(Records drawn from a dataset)
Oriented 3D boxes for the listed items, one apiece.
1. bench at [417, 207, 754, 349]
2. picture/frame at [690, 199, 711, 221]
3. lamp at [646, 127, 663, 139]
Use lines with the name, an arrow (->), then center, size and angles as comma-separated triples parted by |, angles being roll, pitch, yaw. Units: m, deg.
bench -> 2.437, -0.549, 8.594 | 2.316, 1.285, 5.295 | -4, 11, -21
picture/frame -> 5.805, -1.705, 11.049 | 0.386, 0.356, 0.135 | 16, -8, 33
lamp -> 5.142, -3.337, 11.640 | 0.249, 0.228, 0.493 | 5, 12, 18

--

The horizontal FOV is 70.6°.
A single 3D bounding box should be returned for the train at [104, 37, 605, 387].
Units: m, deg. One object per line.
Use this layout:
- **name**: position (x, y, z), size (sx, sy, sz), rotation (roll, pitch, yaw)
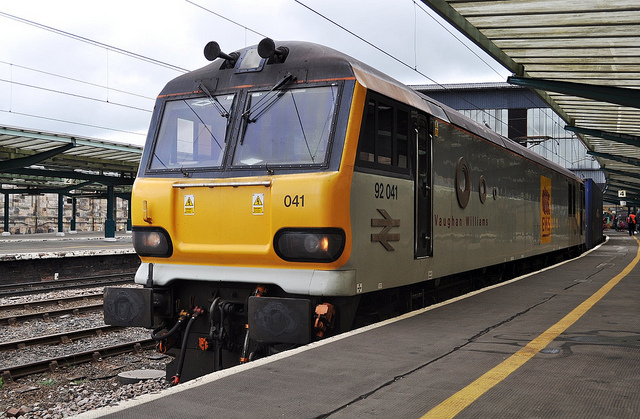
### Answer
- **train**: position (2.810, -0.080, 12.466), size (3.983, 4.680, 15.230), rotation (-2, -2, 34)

---

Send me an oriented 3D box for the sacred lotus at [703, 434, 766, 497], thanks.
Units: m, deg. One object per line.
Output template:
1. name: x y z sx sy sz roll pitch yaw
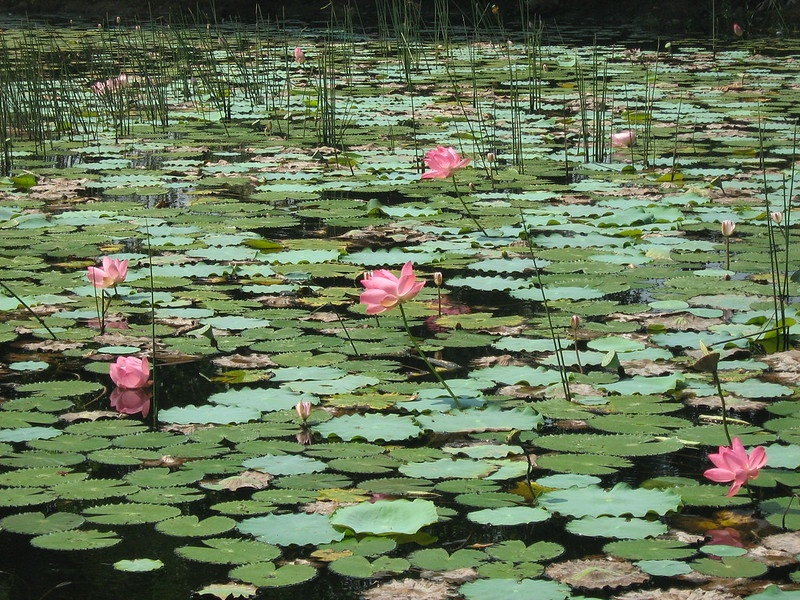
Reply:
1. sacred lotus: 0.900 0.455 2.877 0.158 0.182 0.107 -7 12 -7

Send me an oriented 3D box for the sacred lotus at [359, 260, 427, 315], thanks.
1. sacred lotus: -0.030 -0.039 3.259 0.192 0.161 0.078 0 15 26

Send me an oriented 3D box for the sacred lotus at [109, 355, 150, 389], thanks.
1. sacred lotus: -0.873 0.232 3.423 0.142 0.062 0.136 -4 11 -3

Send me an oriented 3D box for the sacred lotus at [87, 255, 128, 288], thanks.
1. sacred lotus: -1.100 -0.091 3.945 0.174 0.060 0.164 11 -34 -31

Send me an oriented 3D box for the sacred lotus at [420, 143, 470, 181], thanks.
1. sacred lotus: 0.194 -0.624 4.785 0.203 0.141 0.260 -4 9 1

### Task requirements
Where the data above reaches the line holding "Oriented 3D boxes", begin printing, and stop after the line holding "3. lamp at [646, 127, 663, 139]". Each line must be reproduced exactly, with nothing else added.

### Exercise output
Oriented 3D boxes for the listed items, one apiece.
1. bench at [417, 207, 754, 349]
2. picture/frame at [690, 199, 711, 221]
3. lamp at [646, 127, 663, 139]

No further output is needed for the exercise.